*Assignment:*
When a line of the records below contains the string "succinct", copy that whole line.

Stored data
--

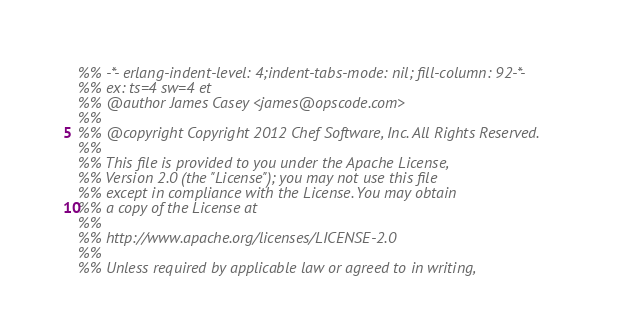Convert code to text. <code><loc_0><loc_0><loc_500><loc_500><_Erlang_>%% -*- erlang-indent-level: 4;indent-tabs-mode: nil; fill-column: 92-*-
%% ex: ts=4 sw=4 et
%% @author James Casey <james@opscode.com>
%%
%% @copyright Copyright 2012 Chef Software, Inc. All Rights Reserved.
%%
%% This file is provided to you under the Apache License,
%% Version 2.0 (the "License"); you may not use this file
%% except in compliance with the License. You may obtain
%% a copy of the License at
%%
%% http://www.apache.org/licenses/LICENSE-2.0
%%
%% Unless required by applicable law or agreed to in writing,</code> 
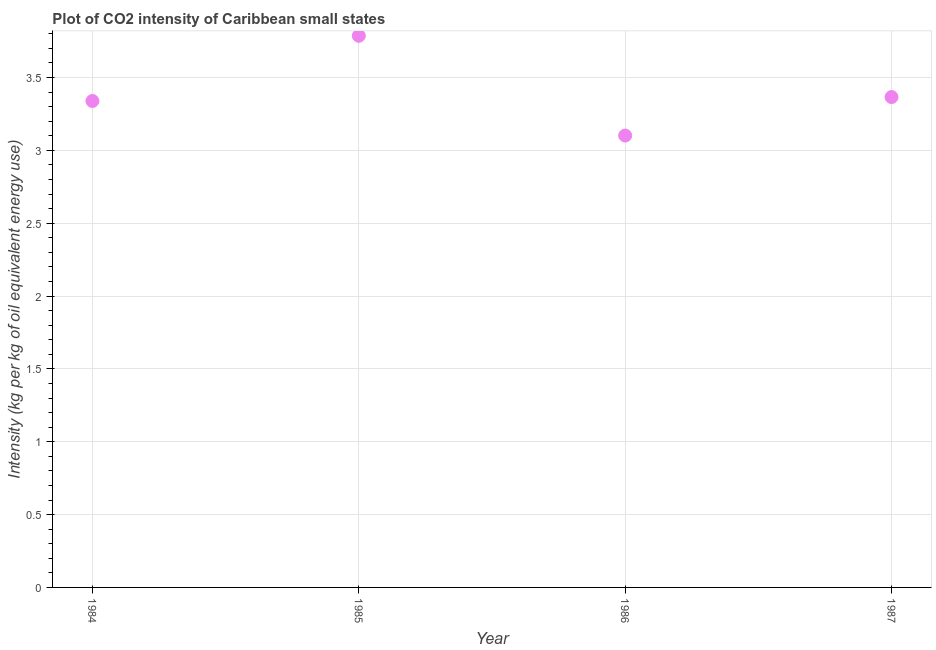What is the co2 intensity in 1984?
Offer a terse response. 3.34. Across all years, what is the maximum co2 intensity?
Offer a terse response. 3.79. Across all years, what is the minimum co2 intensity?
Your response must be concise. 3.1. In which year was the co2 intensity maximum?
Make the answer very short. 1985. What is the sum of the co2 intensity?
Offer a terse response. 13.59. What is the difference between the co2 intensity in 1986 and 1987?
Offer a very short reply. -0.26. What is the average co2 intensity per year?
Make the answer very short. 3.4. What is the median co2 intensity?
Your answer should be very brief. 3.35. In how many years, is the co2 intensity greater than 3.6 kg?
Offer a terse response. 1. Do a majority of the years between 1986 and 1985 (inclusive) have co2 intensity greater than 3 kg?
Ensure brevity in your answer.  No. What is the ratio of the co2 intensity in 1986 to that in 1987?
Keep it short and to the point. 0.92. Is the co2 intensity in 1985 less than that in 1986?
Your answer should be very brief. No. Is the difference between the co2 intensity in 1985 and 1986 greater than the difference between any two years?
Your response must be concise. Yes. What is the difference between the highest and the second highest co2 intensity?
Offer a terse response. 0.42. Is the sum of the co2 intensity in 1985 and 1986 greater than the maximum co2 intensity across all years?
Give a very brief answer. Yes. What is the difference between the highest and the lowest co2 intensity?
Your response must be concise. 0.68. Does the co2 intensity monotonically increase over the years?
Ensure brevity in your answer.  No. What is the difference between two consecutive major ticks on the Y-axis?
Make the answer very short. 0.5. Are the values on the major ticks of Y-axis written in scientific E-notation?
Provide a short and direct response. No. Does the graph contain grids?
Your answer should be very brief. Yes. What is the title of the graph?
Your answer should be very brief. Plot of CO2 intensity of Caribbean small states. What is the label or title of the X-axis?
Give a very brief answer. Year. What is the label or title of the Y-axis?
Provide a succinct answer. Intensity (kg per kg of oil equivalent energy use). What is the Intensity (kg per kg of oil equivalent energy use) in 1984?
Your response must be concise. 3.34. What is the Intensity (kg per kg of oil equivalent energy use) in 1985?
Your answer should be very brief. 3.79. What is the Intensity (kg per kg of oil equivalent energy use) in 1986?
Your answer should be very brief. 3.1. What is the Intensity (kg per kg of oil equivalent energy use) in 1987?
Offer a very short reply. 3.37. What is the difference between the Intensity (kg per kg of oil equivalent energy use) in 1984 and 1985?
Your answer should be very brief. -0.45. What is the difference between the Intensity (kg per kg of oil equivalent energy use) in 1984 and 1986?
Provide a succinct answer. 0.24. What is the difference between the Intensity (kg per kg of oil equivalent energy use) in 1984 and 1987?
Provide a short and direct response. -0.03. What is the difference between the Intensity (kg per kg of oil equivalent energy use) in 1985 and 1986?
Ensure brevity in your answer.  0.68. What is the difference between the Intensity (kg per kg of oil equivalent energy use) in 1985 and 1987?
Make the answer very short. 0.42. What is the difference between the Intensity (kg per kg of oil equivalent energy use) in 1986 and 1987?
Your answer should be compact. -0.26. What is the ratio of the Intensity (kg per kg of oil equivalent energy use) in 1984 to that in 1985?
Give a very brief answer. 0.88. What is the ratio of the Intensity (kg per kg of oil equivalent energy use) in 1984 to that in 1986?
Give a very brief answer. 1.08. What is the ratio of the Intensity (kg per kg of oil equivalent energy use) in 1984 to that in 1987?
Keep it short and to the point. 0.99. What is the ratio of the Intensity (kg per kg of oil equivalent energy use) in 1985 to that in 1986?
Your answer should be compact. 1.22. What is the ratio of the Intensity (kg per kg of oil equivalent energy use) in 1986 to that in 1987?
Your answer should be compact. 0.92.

--

*Written response:*
Provide a succinct answer. Intensity (kg per kg of oil equivalent energy use). What is the Intensity (kg per kg of oil equivalent energy use) in 1984?
Provide a succinct answer. 0.24. What is the difference between the Intensity (kg per kg of oil equivalent energy use) in 1984 and 1987?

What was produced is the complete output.